One fellow student assured me that the Mafia was actually Jewish-controlled and Italians had almost nothing to do with it. I guess she hadn't read Mario Puzo. I agreed with her, but I said that being Jewish hadn't helped me personally: "I can't get a summer internship with them because I'm just not connected enough. Go figure!"

Fordham was the first place I ever heard the phrase "Jew him down" aloud. I was sitting with some friends, all of them Irish-American or Italian-American, and one said it while describing something she'd bought. Then she looked at me and covered her mouth in embarrassment.

I assured her that Jews had a similar expression: "Goy him down." For a moment, she believed me. And why not? Christians know as much about Jews as Americans know about Canadians, to misquote a line from The Kids in the Hall. You think I'm kidding?

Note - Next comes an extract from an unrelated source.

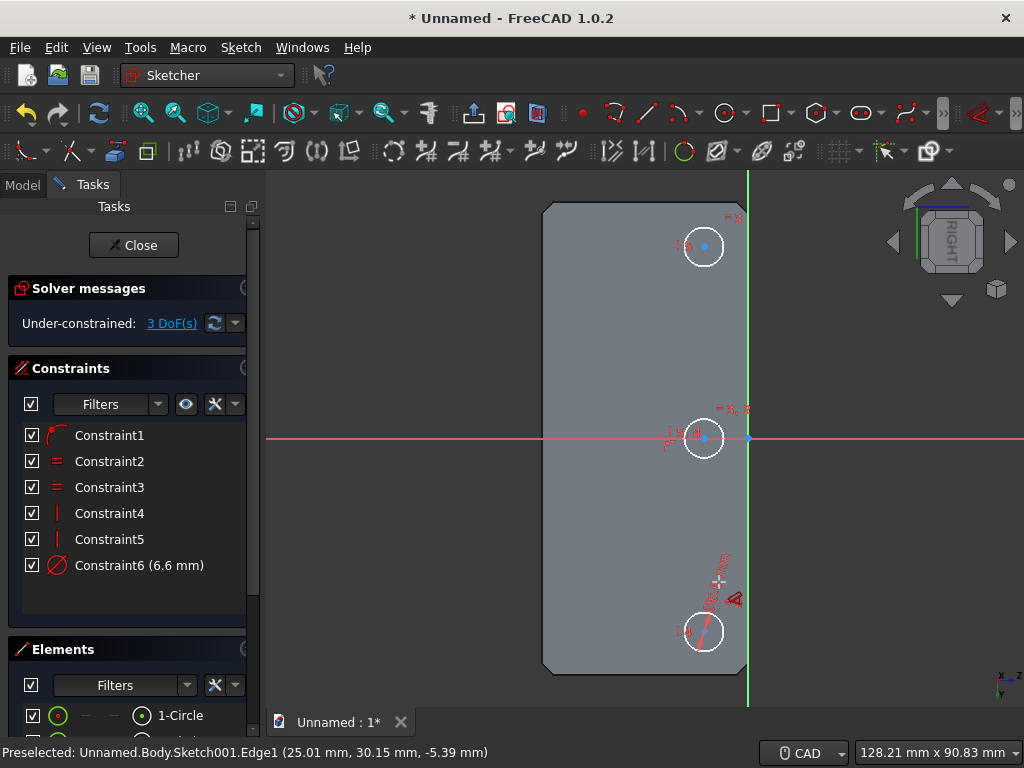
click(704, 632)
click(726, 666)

A few years later when I was living in a Jewish student's coop, someone called around Passover asking to find out if non-Jews were allowed to see the Paschal sacrifice of the lamb. She clearly thought that Judaism had not changed in two thousand years. I took the phone and explained, "Well, nowadays, it's only symbolic. We pour some red wine on a virgin wool sweater. But you're welcome to participate if you like."

Then there was the woman cleaning for us who pointed to the lavender-scented eye pillow by my bed and asked it it was a Jewish ritual object.

Jewish Friends are always telling me about people who can't believe they don't celebrate Christmas. "Not at all? Nothing? No tree? No wreath? No presents? Not even egg nog?"

I wonder what Lenny Bruce would have said about that.